The Lucas wedge is not the same as the Okun's Law. Okun's Law measures the difference over a period of time between the actual GDP and the GDP that would have been realized at full employment. [2] Over time the Lucas wedge compounds and increases and is thus usually larger than the gap identified by Okun's Law, which suggests that economic policy should focus on optimizing investment in addition to realizing full employment.
The Lucas wedge is sometimes expressed in per capita terms to reflect how much better a person's standard of living would be in the absence of this gap.\ [3]
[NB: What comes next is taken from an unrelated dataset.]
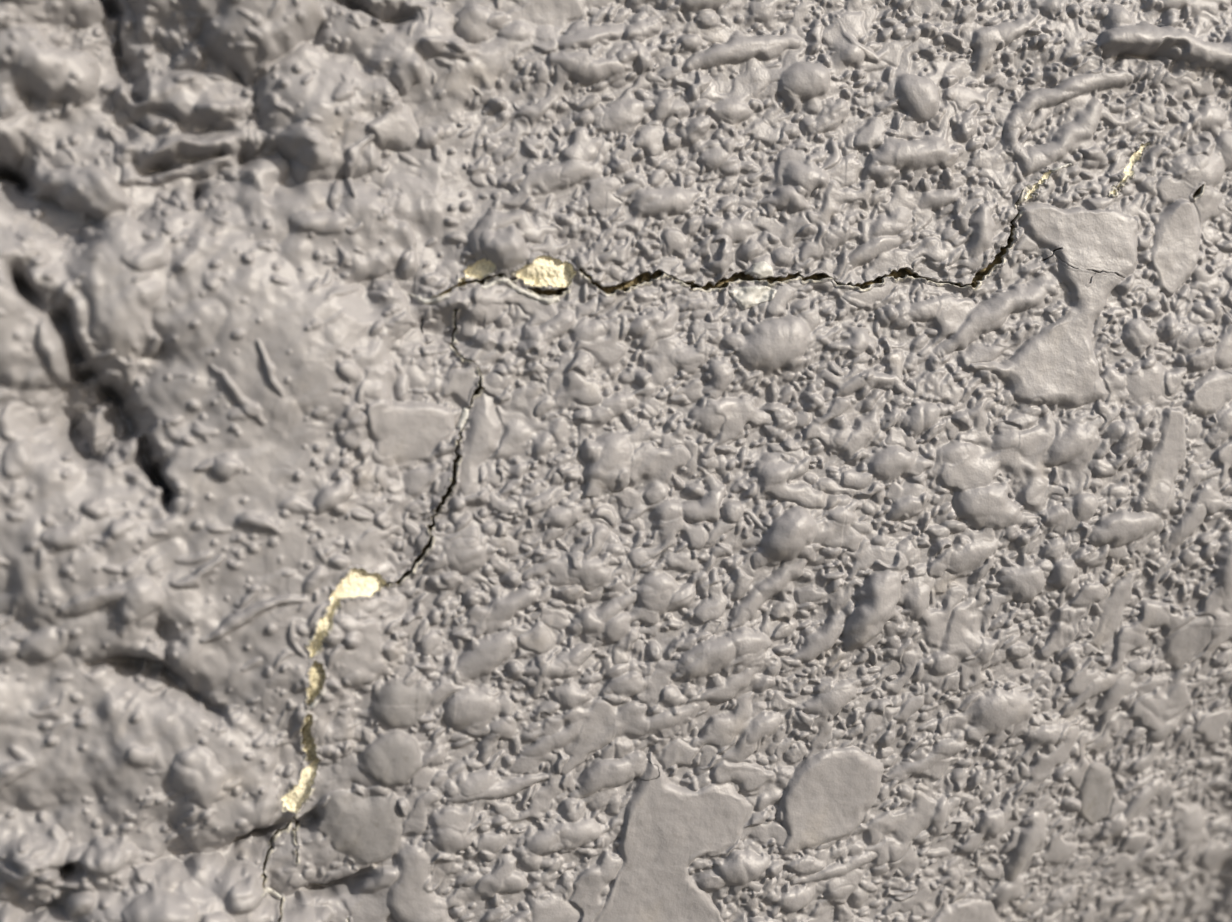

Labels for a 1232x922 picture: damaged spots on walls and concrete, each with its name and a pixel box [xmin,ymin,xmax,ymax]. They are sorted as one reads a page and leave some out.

crack [576,187,1127,310]
crack [385,304,486,590]
crack [259,815,302,922]

Gross domestic product (GDP) is a monetary measure of the market value of all the final goods and services produced and rendered in a specific time period by a country or countries. GDP is often used to measure the economic health of a country or region. Several national and international economic organizations maintain definitions of GDP, such as the OECD and the International Monetary Fund.
Macroeconomics is a branch of economics that deals with the performance, structure, behavior, and decision-making of an economy as a whole. This includes regional, national, and global economies. Macroeconomists study topics such as output/GDP and national income, unemployment, price indices and inflation, consumption, saving, investment, energy, international trade, and international finance.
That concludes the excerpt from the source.